Key Pattern: We're using Ollama for both extraction (via generate) and embeddings (via embeddings). This keeps everything local. For production, you might cache embeddings in a vector index.

Creating Vector Indexes for Hybrid Search

Following Neo4j's GenAI integration guide, we create vector indexes:

def create_vector_indexes(self):
    """Create vector indexes for similarity search"""
    with self.driver.session() as session:
        # Abstract embeddings (4096 dimensions for nomic-embed-text)
        session.run("""
            CREATE VECTOR INDEX paper_abstracts IF NOT EXISTS
            FOR (p:Paper)
            ON p.abstract_embedding
            OPTIONS {
                indexConfig: {
                    `vector.dimensions`: 4096,
                    `vector.similarity_function`: 'cosine'
                }
            }
        """)
        
        # Concept embeddings
        session.run("""
            CREATE VECTOR INDEX concept_definitions IF NOT EXISTS
            FOR (c:Concept)
            ON c.definition_embedding
            OPTIONS {
                indexConfig: {
                    `vector.dimensions`: 4096,
                    `vector.similarity_function`: 'cosine'
                }
            }
        """)
        
        # Note embeddings
        session.run("""
            CREATE VECTOR INDEX note_contents IF NOT EXISTS
            FOR (n:Note)
            ON n.content_embedding
            OPTIONS {
                indexConfig: {
                    `vector.dimensions`: 4096,
                    `vector.similarity_function`: 'cosine'
                }
            }
        """)

Critical: The dimension count (4096) must match your embedding model. nomic-embed-text uses 4096, but if you switch to all-MiniLM-L6-v2, you'd need 384.

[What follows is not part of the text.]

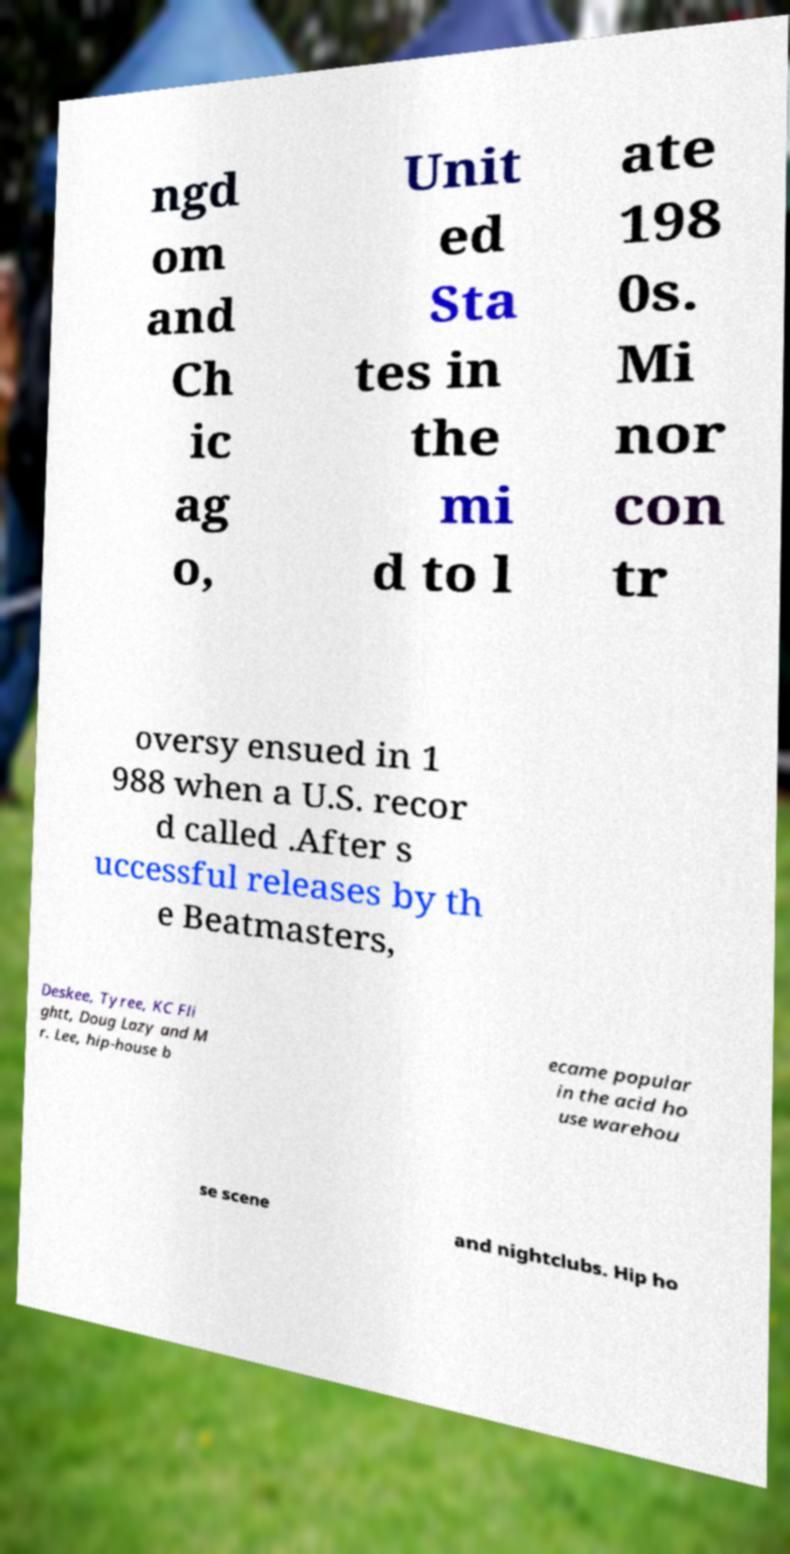Please read and relay the text visible in this image. What does it say? ngd om and Ch ic ag o, Unit ed Sta tes in the mi d to l ate 198 0s. Mi nor con tr oversy ensued in 1 988 when a U.S. recor d called .After s uccessful releases by th e Beatmasters, Deskee, Tyree, KC Fli ghtt, Doug Lazy and M r. Lee, hip-house b ecame popular in the acid ho use warehou se scene and nightclubs. Hip ho 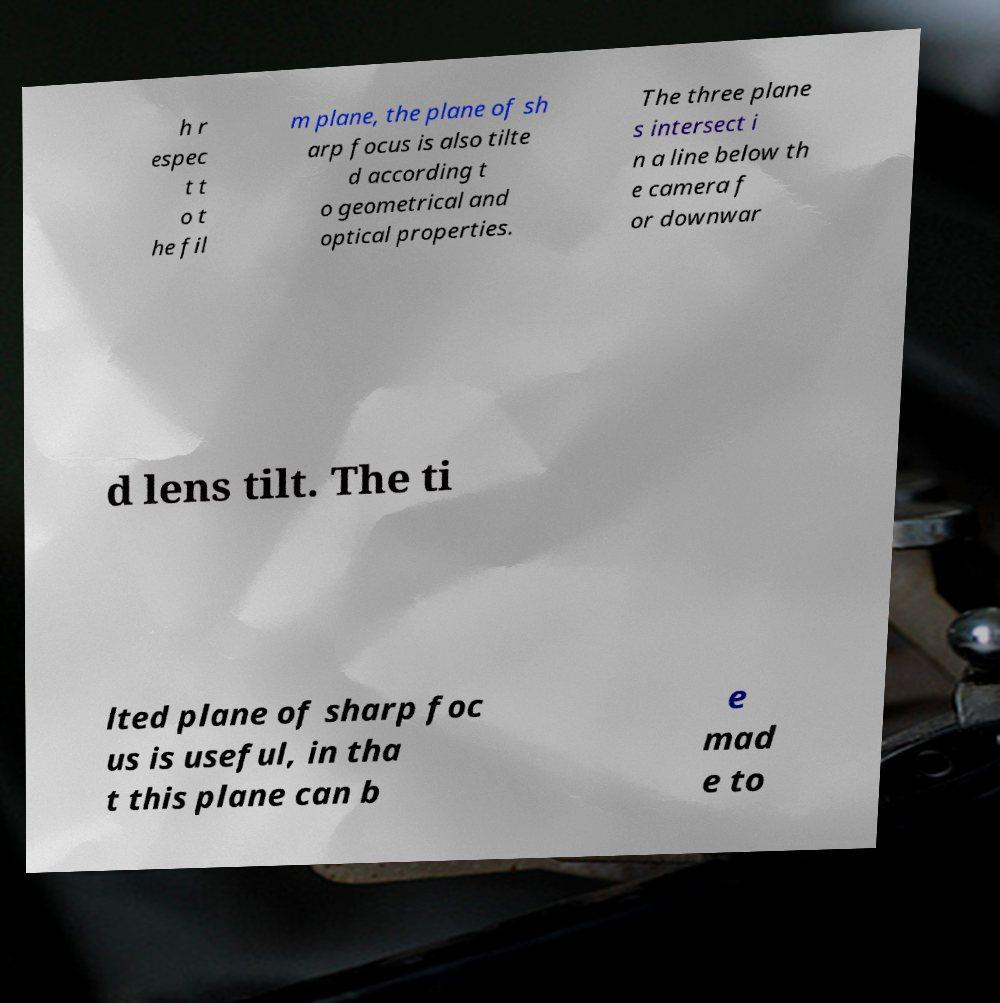Could you assist in decoding the text presented in this image and type it out clearly? h r espec t t o t he fil m plane, the plane of sh arp focus is also tilte d according t o geometrical and optical properties. The three plane s intersect i n a line below th e camera f or downwar d lens tilt. The ti lted plane of sharp foc us is useful, in tha t this plane can b e mad e to

Part 3: Implementing Hybrid Retrieval

Now we implement the retrieval layer that combines vector similarity with graph traversal:

Hybrid Retrieval System Architecture

class HybridRetriever:
    def __init__(self, driver, ollama_model="mistral"):
        self.driver = driver
        self.ollama_model = ollama_model
    
    def retrieve_context(self, query: str, limit: int = 5) -> list[dict]:
        """
        Hybrid retrieval combining:
        1. Vector similarity search
        2. Graph traversal for related concepts
        3. Citation network expansion
        """
        
        # Generate query embedding
        query_embedding = ollama.embeddings(
            model='nomic-embed-text',
            prompt=query
        )['embedding']
        
        with self.driver.session() as session:
            # Vector similarity search
            vector_results = session.run("""
                CALL db.index.vector.queryNodes(
                    'paper_abstracts', 
                    $limit, 
                    $query_embedding
                )
                YIELD node, score
                MATCH (node)<-[:AUTHORED]-(author:Author)
                MATCH (node)-[:DISCUSSES]->(concept:Concept)
                
                RETURN 
                    node.title AS title,
                    node.abstract AS abstract,
                    node.year AS year,
                    score AS relevance_score,
                    collect(DISTINCT author.name) AS authors,
                    collect(DISTINCT concept.name) AS concepts,
                    'vector_search' AS retrieval_method
                ORDER BY score DESC
                """,
                query_embedding=query_embedding,
                limit=limit
            ).data()
            
            # Graph traversal for cited papers
            graph_results = []
            if vector_results:
                top_paper_title = vector_results[0]['title']
                
                graph_results = session.run("""
                    MATCH (seed:Paper {title: $seed_title})
                    MATCH (seed)-[:CITES]->(cited:Paper)
                    MATCH (cited)<-[:AUTHORED]-(author:Author)
                    MATCH (cited)-[:DISCUSSES]->(concept:Concept)
                    WHERE any(c IN $query_concepts WHERE c IN collect(concept.name))
                    
                    RETURN 
                        cited.title AS title,
                        cited.abstract AS abstract,
                        cited.year AS year,
                        0.7 AS relevance_score,
                        collect(DISTINCT author.name) AS authors,
                        collect(DISTINCT concept.name) AS concepts,
                        'citation_traversal' AS retrieval_method
                    LIMIT $limit
                    """,
                    seed_title=top_paper_title,
                    query_concepts=self._extract_query_concepts(query),
                    limit=limit // 2
                ).data()
            
            # Combine and deduplicate
            all_results = vector_results + graph_results
            seen_titles = set()
            unique_results = []
            
            for result in all_results:
                if result['title'] not in seen_titles:
                    seen_titles.add(result['title'])
                    unique_results.append(result)
            
            return sorted(unique_results, 
                         key=lambda x: x['relevance_score'], 
                         reverse=True)[:limit]
    
    def _extract_query_concepts(self, query: str) -> list[str]:
        """Extract key concepts from query using LLM"""
        response = ollama.generate(
            model=self.ollama_model,
            prompt=f"Extract 3-5 key technical concepts from this query: {query}. Return as comma-separated list.",
            options={'temperature': 0.1}
        )
        return [c.strip() for c in response['response'].split(',')]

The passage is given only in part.